10. Once the part starts to solidify small dendrites of solid material form in the part. During this time
metal properties are being determined, and internal stresses are being generated. If a part is allowed to
cool slowly enough at a constant rate then the final part will be relatively homogenous and stress free.
11. Once the part has completely solidified below the eutectic point it may be removed with no
concern for final metal properties. At this point the sand is simply broken up, and the part removed. At
this point the surface will have a quantity of sand adhering to the surface, and solid cores inside.
12. A bulk of the remaining sand and cores can be removed mechanically by striking the part. Other
options are to use a vibrating table, sand/shot blaster, hand labor, etc.
13. The final part is cut off the runner gate system, and is near final shape using cutters, torches, etc..
Grinding operations are used to remove any remaining bulk.
14. The part is taken down to final shape using machining operations. And cleaning operations may be
used to remove oxides, etc.

Molds
• The basic components found in many molds are shown below,
• The terms for the parts of a mold are,
Pouring cup - the molten metal is poured in here. It has a funnel shape to ease pouring accuracy
problems.
Runner/sprue - a sprue carries metal from the pouring cup to the runners. The runners distribute metal
to the part.
Gate - a transition from the runner to the cavity of the part
Riser - a thermal mass where excess metal will remain in a liquid state while the part cools. As the
cooling part shrinks, the molten metal in the riser will feed or fill in the shrinkage. Risers can also be
used to collect impurities that rise in molten metal.
Mold cavity - this is the final shape of the part.
Vent - a narrow escape passage for gases that would otherwise be trapped in the mold.
Parting line - a line of separation that allows the mold (made in two pieces) to be put together to make
a full cavity. Note that this line does not have to be a straight line, and is often staggered to make the
mold making easier.
cope - the upper part of a casting mold
drag - the lower part of a casting mold

• There are a number of interesting points about patterns,


- molds are made by compacting sand around the shape of the pattern.
- patterns are made of wood, metal and plastics - the material must be stronger if a large number of
molds are to be made.
- a parting agent can be used on a pattern to allow easy removal after the mold is made.
- pattern types include
One piece patterns (loose or solid patterns) - low quantity simple shapes
Split patterns - for complex shapes made in two patterns for each half of the part.
Match plate - the split patterns are mounted in a single plate. This allows gating on the drag side to
match up with the runners on the cope.

Design of the patterns


should include consideration of shrinkage
- a slight taper should be added to the sides all patterns this will make them easy to remove from the
completed mold. i.e. a cone is easier to remove than a cylinder.
• Cores are typically used for more complex shapes. Some point of interest,
- Cores allow features that could not be easily formed into a sand core.
- Cores are made with techniques similar to those for making sand molds.
- The cores may need structural support in the mold - these metal supports are called chaplets.
- The cores are added when the cavities are made, and they act as part of the mold during casting, but
they are rigid enough to allow internal features on parts.
- Cores can be made easily in automated settings.

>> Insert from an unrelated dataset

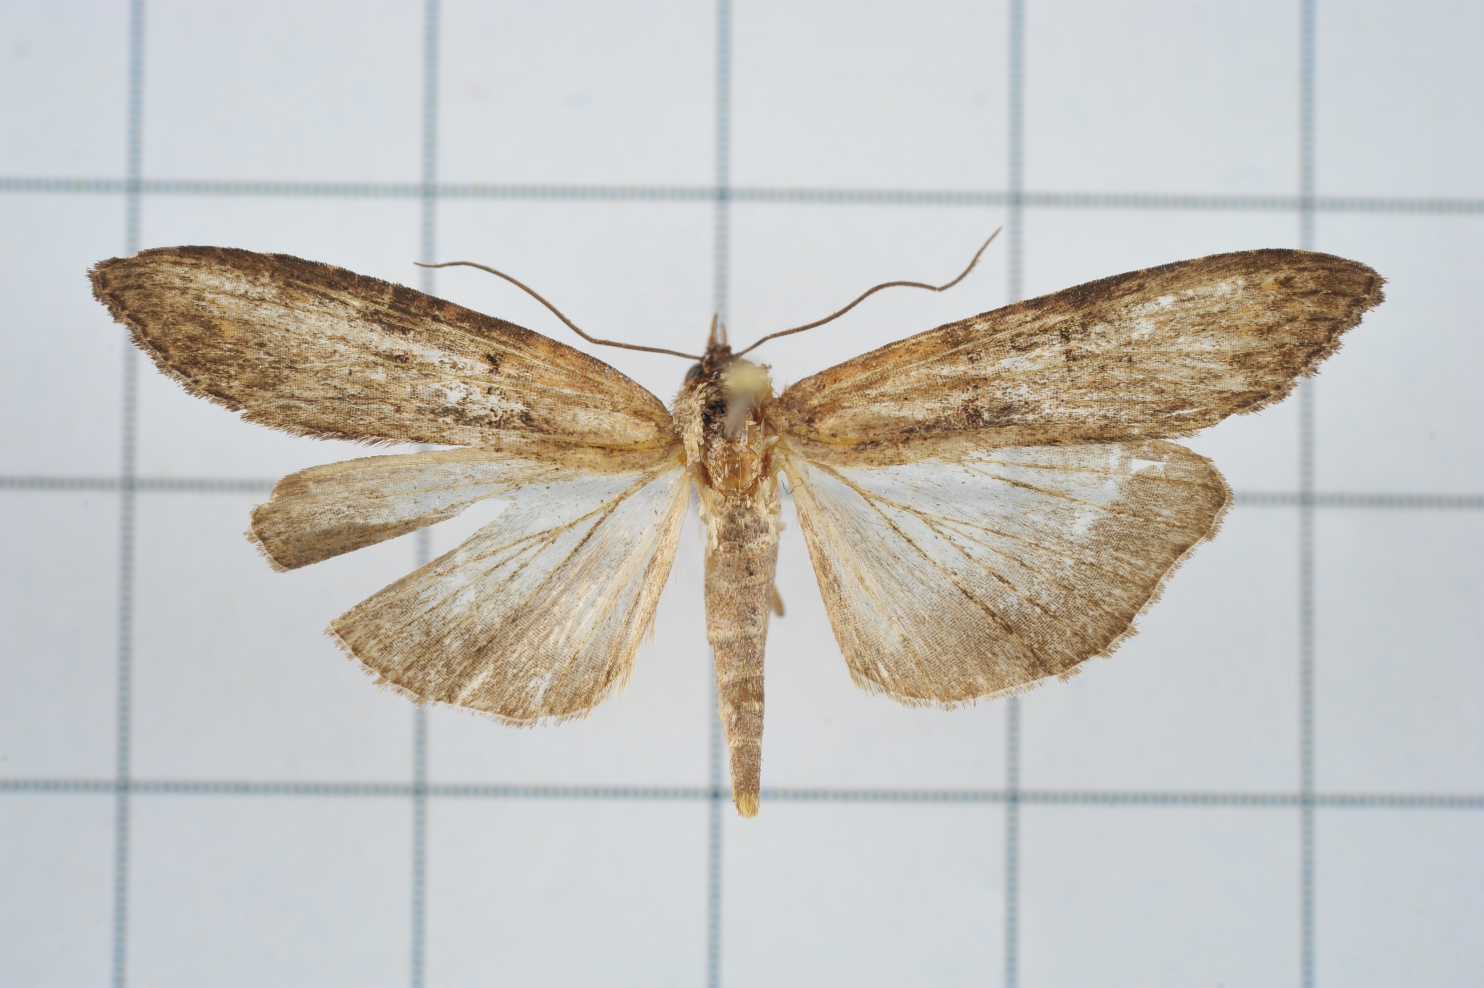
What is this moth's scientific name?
Lophoptera longipennis

• A mold might undergo a hardening process,


Green sand - no hardening, just moist
Cold-box - binders are mixed with the sand to increase dimensional accuracy
No-bake - liquid resin binders harden the sand at room temperature
Skin-dried - the sand is hardened by drying in an oven or air. Higher strength, but distortion and lower
collapsibility.
Baking - the molds are baked before casting to harden the entire mass
• When the pattern and cores have been inserted into the sand it is compacted. There are a number of
techniques for doing this,
Squeeze Molding Machines - automatically insert and compact sand. The processes used are designed
to produce a uniform compaction. Jolting is sometimes used to help settle the sand. These molds are
made in flasks.
- conventional flat head
- profile head
- equalizing pistons
- flexible diaphragm
Vertical Flask less Molding - the molds halves are made by blowing sand against a vertical
Mold. High production rates are possible.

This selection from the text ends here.